There’s a reason new ideas often pass through rather convoluted channels of scholarly vetting, government regulation, and media and public skepticism before they make their way into widespread acceptance: most new ideas are wrong, and some of them are outright deceptive. Cuddy’s big research finding, for example, has proven very hard to replicate. The consultant Simon Sinek’s 2009 TEDx lecture about persuasion–the third most-watched TED talk in history–is such a logical and evidential wreck that it’s not even worth the space to pick it apart here.
This kind of evangelical idealism can also be blind to the workings of power. Good ideas may be transformative, but their lack is not the cause of all the world’s problems. It takes a certain one-dimensionality of thinking to believe that changing your pose for a couple minutes can eliminate the problems in your life. For that matter, it takes a certain one-dimensionality of thinking to believe that an 18 minute-long talk delivered to a crowd of wealthy elites in one of the world’s priciest cities will somehow flip social conditions inside-out.
But if TED and the 19th century lecture circuits—the new lyceum and the old—can offer us anything, it’s a reminder that science and research offer more than new knowledge. They come with a kind of aesthetic, and they invoke certain emotions—among them thrill and hope.
Personally, I have a favorite TED talk: “6 Ways Mushrooms Can Save the World,” in which the mycologist Paul Stamets talks about all the ridiculously useful things you can do with fungi. A bearded bio nerd, Stamets preaches about the use of mushrooms to treat diseases, clean up environmental toxins, and generate biofuels. He imagines a kind of fungal revolution.

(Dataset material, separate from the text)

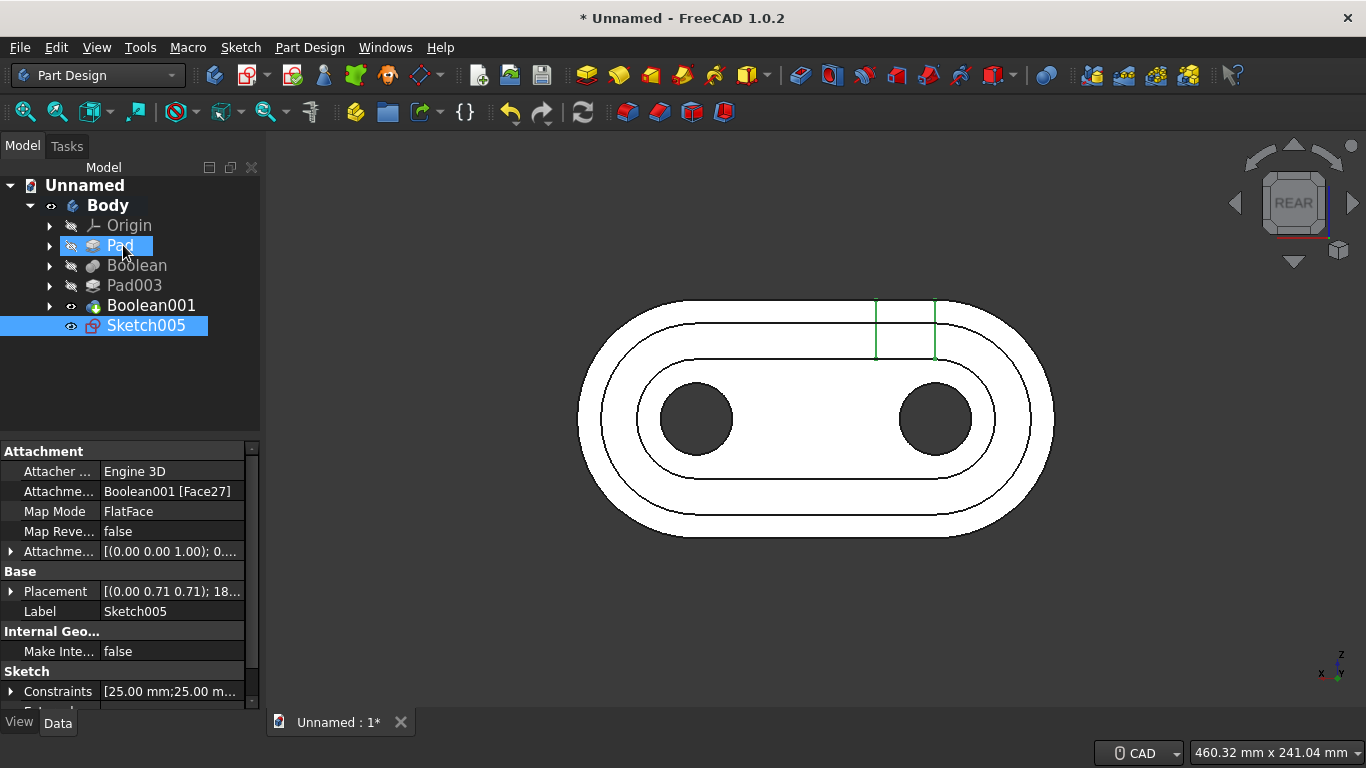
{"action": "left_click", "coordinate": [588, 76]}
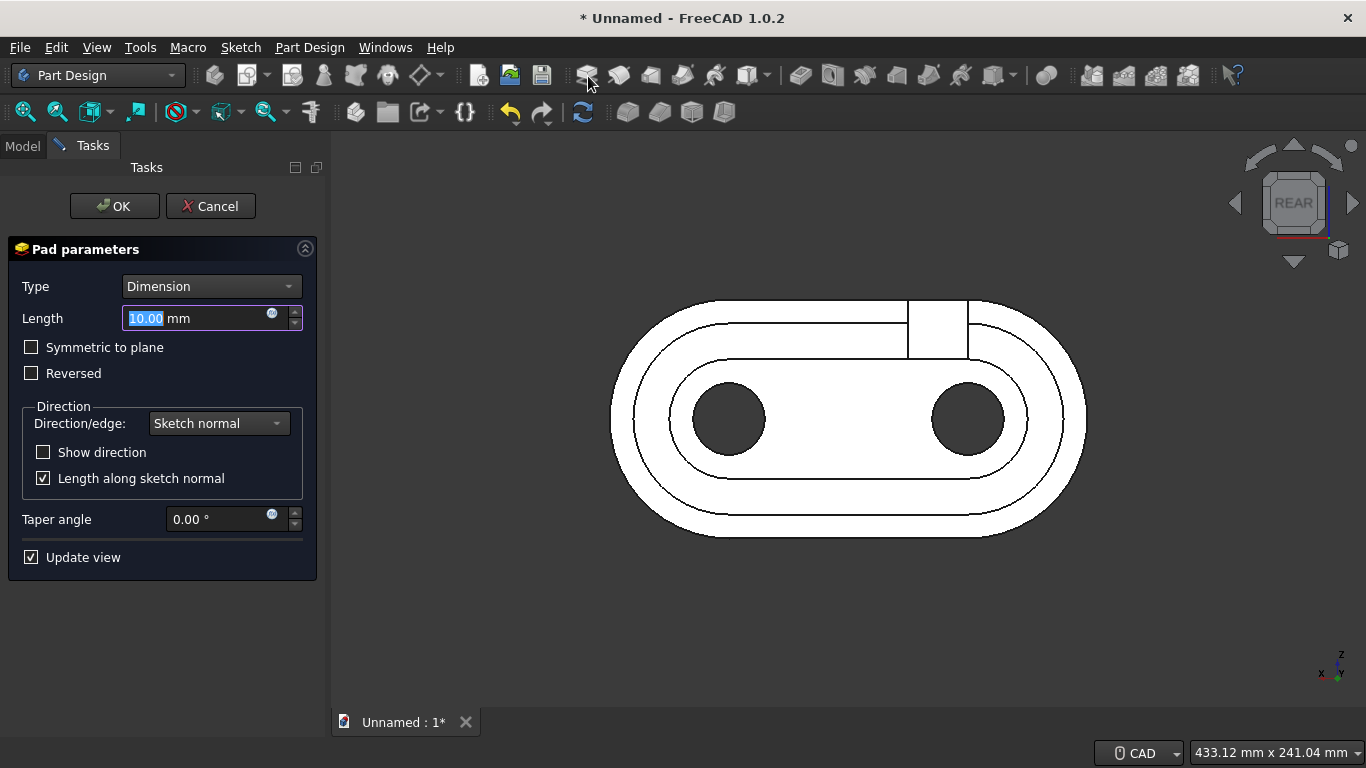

Are the world’s environmental problems caused by a lack of good fungal technique? Well, no, there’s a lot more at play. You can’t have a real conversation about environmentalism without discussing capitalism and the distribution of resources—which is to say, power. But after 17 minutes of listening to Stamets, a certain fuzzy optimism takes hold. There’s a promise here that would be familiar, I think, to anyone who’s been moved by a great motivational speech or sermon. It’s a sense that, faced with the grind of daily life, and the intractability of its problems, somehow, through some flash of understanding, the basic terms of our struggle will change.